Department of Infectious Diseases, St. Jude Children's Research Hospital, Memphis, Tennessee, USA.
Department of Pediatrics, University of Colorado School of Medicine and Children's Hospital Colorado, Aurora, Colorado, USA.
J Pediatric Infect Dis Soc. 2022 May 30;11(5):177-185. doi: 10.1093/jpids/piab124.
Starting in November 2020, the US Food and Drug Administration (FDA) has issued Emergency Use Authorizations (EUAs) for multiple novel virus-neutralizing monoclonal antibody therapies, including bamlanivimab monotherapy (now revoked), bamlanivimab and etesivimab, casirivimab and imdevimab (REGEN-COV), and sotrovimab, for treatment or postexposure prophylaxis of Coronavirus disease 2019 (COVID-19) in adolescents (≥12 years of age) and adults with certain high-risk conditions. Previous guidance is now updated based on new evidence and clinical experience.
A panel of experts in pediatric infectious diseases, pediatric infectious diseases pharmacotherapy, and pediatric critical care medicine from 18 geographically diverse US institutions was convened. Through a series of teleconferences and web-based surveys, a guidance statement was developed and refined based on a review of the best available evidence and expert opinion.
The course of COVID-19 in children and adolescents is typically mild, though more severe disease is occasionally observed. Evidence supporting risk stratification is incomplete. Randomized controlled trials have demonstrated the benefit of severe acute respiratory syndrome coronavirus-2 (SARS-CoV-2)-specific monoclonal antibody therapies in adults, but data on safety and efficacy in children or adolescents are limited. Potential harms associated with infusion reactions or anaphylaxis are reportedly low in adults.
Based on evidence available as of August 31, 2021, the panel suggests a risk-based approach to administration of SARS-CoV-2 monoclonal antibody therapy. Therapy is suggested for the treatment of mild to moderate COVID-19 in adolescents (≥12 years of age) at the highest risk of progression to hospitalization or severe disease. Therapeutic decision-making about those at moderate risk of severe disease should be individualized. Use as postexposure prophylaxis could be considered for those at the highest risk who have a high-risk exposure but are not yet diagnosed with COVID-19. Clinicians and health systems should ensure safe and timely implementation of these therapeutics that does not exacerbate existing healthcare disparities.

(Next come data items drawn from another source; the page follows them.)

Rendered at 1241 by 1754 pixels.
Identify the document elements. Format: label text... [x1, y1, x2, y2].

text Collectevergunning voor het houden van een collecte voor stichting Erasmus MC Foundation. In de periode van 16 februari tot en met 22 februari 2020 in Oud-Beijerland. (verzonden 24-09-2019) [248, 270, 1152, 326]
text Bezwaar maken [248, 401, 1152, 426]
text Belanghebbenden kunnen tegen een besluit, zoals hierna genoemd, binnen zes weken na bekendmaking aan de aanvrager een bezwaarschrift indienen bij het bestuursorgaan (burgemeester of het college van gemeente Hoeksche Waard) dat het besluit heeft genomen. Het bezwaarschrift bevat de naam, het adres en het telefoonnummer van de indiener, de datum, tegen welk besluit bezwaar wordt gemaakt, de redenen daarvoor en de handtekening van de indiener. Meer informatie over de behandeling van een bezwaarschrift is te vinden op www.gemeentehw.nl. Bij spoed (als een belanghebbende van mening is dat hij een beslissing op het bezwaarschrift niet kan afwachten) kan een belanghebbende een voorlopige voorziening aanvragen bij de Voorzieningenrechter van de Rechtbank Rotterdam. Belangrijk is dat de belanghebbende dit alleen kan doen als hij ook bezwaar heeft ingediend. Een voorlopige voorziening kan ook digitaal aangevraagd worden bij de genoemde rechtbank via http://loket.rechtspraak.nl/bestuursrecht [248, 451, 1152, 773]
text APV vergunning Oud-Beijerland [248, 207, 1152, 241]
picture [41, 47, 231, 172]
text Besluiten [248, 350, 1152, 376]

自 2020 年 11 月起,美国食品和药物管理局(FDA)已发布多项新型病毒中和单克隆抗体治疗药物的紧急使用授权(EUA),包括巴姆单抗单药治疗(现已撤销)、巴姆单抗和依特西单抗、卡瑞利珠单抗和西维莫司单抗(REGEN-COV)以及索托维单抗,用于治疗或暴露后预防 2019 年冠状病毒病(COVID-19),适用于青少年(≥12 岁)和具有某些高危条件的成年人。目前根据新证据和临床经验对之前的指南进行了更新。
来自美国 18 个地理位置不同的机构的一组儿科传染病、儿科传染病药理学和儿科危重病医学专家被召集在一起。通过一系列电话会议和网络调查,根据对最佳现有证据和专家意见的审查,制定并完善了一份指导声明。
儿童和青少年 COVID-19 的病程通常较轻,但偶尔也会观察到更严重的疾病。用于风险分层的证据并不完整。随机对照试验已证明针对严重急性呼吸综合征冠状病毒 2(SARS-CoV-2)的单克隆抗体治疗对成年人的有益性,但在儿童或青少年中的安全性和疗效数据有限。据报道,在成年人中,与输注反应或过敏反应相关的潜在危害较低。
基于截至 2021 年 8 月 31 日的证据,专家组建议采用基于风险的方法来管理 SARS-CoV-2 单克隆抗体治疗。对于处于进展为住院或严重疾病风险最高的青少年(≥12 岁),建议治疗轻度至中度 COVID-19。对于处于严重疾病中度风险的患者,应个体化做出治疗决策。对于那些存在高风险暴露但尚未确诊 COVID-19 的高风险患者,可以考虑将其作为暴露后预防使用。临床医生和卫生系统应确保安全、及时地实施这些治疗方法,而不会加剧现有的医疗保健差距。